> **EXERCISE**
Look below for the lines from the one with "date: 1905-1930" to the one with "tags: utrecht, bernhard", and copy exactly those lines, both ends included.

> **RECORDS SHOWN**
Segment Open

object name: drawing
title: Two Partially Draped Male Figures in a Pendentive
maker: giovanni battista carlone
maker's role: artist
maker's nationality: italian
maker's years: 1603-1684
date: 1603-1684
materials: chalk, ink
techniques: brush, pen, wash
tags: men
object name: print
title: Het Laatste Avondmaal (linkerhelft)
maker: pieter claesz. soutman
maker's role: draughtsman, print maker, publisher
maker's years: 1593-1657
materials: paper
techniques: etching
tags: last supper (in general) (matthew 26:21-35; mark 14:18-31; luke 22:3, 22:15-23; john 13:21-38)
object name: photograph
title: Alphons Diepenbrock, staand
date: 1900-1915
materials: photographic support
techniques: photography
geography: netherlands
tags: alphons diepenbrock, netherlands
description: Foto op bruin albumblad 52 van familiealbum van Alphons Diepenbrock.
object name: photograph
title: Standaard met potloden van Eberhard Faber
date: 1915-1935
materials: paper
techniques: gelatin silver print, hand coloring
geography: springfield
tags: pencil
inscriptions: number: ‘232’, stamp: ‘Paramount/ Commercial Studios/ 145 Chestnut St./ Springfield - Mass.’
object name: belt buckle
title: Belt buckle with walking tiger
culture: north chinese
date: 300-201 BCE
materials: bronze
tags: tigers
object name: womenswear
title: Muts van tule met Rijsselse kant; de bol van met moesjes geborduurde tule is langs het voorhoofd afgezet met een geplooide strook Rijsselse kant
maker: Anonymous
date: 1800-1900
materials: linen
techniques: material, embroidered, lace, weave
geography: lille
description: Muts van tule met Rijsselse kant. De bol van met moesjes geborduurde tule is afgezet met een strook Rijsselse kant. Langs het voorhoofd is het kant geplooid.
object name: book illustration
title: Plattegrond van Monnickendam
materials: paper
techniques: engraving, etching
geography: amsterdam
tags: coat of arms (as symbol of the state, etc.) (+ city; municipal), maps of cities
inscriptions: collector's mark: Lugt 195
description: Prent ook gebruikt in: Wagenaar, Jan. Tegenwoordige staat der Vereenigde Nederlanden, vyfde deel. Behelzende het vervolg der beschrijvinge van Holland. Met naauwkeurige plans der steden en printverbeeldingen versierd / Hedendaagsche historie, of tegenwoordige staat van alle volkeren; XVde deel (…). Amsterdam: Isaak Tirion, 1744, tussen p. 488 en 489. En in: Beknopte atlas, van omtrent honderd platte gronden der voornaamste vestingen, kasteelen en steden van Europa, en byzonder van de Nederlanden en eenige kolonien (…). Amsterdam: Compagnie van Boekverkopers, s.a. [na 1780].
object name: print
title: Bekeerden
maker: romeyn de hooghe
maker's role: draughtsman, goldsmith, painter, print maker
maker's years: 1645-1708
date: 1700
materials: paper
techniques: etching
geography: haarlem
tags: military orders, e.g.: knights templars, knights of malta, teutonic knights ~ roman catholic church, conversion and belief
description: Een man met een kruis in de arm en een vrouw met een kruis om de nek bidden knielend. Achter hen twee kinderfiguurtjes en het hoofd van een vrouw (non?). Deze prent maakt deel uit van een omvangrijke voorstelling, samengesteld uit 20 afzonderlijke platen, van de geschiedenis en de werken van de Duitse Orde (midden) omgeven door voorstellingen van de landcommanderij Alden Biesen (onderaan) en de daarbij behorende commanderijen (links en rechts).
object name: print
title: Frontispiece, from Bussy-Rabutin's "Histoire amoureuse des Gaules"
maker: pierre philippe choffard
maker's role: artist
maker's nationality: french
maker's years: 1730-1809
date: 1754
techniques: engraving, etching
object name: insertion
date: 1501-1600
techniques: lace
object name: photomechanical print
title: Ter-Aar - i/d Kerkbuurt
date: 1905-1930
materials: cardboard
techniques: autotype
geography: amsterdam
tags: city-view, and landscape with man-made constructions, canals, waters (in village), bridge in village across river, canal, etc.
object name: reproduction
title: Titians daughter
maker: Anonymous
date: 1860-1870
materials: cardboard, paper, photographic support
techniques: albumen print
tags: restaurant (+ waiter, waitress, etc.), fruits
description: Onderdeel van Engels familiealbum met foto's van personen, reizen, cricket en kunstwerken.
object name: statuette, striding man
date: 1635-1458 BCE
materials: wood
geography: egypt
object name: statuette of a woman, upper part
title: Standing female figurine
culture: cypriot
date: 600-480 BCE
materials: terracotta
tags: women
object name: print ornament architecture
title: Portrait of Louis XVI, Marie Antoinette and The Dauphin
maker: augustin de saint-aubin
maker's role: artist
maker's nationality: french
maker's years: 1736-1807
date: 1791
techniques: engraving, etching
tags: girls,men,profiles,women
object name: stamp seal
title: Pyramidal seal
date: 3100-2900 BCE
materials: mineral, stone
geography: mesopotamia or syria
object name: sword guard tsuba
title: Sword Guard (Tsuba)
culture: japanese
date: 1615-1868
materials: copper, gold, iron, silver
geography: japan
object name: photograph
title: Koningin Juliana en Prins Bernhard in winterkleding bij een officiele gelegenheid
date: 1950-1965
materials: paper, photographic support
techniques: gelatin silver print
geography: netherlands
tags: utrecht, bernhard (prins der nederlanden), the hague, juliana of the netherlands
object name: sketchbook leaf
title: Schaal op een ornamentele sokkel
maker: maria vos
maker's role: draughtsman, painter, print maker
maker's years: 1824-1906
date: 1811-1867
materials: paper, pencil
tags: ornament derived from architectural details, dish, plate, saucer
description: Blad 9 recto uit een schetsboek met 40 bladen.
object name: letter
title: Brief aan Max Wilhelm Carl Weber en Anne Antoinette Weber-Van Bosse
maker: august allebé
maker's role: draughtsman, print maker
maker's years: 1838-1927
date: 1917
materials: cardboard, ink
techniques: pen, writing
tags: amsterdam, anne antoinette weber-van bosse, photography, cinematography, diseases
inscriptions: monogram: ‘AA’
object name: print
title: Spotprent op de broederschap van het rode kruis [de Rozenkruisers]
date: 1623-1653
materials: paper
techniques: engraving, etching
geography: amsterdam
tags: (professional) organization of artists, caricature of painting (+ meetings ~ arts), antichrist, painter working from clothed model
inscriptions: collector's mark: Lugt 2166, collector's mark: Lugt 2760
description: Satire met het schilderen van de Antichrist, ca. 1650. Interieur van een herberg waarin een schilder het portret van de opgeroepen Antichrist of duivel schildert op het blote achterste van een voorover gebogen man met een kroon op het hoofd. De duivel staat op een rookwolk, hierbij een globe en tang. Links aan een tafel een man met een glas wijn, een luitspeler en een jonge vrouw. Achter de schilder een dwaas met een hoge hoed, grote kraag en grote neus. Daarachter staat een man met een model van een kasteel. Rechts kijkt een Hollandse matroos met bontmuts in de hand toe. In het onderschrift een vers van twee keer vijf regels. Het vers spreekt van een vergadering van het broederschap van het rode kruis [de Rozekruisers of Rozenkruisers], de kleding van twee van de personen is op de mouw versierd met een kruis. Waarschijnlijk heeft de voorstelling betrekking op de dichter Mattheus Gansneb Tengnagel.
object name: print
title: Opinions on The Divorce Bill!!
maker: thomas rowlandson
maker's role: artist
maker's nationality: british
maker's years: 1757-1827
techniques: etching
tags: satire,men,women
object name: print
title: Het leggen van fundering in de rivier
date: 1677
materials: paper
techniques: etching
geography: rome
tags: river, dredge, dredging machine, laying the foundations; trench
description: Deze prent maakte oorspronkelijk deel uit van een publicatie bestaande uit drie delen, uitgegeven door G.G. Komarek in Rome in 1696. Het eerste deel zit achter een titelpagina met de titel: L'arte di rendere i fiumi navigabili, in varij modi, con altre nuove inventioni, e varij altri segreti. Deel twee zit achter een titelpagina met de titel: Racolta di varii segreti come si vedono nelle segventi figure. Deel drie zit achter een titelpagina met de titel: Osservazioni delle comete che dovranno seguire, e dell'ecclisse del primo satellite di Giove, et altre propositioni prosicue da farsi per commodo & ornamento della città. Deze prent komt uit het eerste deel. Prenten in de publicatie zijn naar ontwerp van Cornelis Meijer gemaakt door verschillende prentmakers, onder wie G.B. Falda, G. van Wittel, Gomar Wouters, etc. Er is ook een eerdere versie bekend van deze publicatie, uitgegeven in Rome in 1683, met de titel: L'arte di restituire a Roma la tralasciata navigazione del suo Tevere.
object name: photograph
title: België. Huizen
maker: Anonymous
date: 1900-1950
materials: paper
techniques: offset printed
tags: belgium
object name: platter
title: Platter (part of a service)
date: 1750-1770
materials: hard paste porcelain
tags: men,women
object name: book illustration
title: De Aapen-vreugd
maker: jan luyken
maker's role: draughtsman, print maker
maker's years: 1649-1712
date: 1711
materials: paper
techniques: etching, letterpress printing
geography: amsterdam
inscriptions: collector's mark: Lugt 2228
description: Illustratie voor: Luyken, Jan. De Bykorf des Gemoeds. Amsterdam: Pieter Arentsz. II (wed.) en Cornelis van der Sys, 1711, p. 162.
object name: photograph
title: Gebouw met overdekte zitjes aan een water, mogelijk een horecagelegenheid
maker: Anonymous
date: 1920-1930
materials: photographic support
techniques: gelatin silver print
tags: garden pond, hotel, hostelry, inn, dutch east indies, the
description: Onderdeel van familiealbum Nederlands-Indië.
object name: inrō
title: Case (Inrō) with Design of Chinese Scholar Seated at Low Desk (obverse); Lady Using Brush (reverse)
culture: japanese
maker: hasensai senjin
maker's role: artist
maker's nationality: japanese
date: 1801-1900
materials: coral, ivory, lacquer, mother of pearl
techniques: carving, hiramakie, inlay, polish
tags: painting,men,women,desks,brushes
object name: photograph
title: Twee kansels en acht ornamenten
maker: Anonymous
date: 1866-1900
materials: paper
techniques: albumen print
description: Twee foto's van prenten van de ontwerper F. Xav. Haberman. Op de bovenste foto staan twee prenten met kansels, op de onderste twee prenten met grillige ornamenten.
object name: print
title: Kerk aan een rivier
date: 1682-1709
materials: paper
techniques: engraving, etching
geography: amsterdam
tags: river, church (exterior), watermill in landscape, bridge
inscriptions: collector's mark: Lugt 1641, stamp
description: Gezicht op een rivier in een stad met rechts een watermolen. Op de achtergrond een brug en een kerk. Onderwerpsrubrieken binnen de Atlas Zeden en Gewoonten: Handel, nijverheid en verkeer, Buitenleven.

Segment Closed

> **RESULT**
date: 1905-1930
materials: cardboard
techniques: autotype
geography: amsterdam
tags: city-view, and landscape with man-made constructions, canals, waters (in village), bridge in village across river, canal, etc.
object name: reproduction
title: Titians daughter
maker: Anonymous
date: 1860-1870
materials: cardboard, paper, photographic support
techniques: albumen print
tags: restaurant (+ waiter, waitress, etc.), fruits
description: Onderdeel van Engels familiealbum met foto's van personen, reizen, cricket en kunstwerken.
object name: statuette, striding man
date: 1635-1458 BCE
materials: wood
geography: egypt
object name: statuette of a woman, upper part
title: Standing female figurine
culture: cypriot
date: 600-480 BCE
materials: terracotta
tags: women
object name: print ornament architecture
title: Portrait of Louis XVI, Marie Antoinette and The Dauphin
maker: augustin de saint-aubin
maker's role: artist
maker's nationality: french
maker's years: 1736-1807
date: 1791
techniques: engraving, etching
tags: girls,men,profiles,women
object name: stamp seal
title: Pyramidal seal
date: 3100-2900 BCE
materials: mineral, stone
geography: mesopotamia or syria
object name: sword guard tsuba
title: Sword Guard (Tsuba)
culture: japanese
date: 1615-1868
materials: copper, gold, iron, silver
geography: japan
object name: photograph
title: Koningin Juliana en Prins Bernhard in winterkleding bij een officiele gelegenheid
date: 1950-1965
materials: paper, photographic support
techniques: gelatin silver print
geography: netherlands
tags: utrecht, bernhard (prins der nederlanden), the hague, juliana of the netherlands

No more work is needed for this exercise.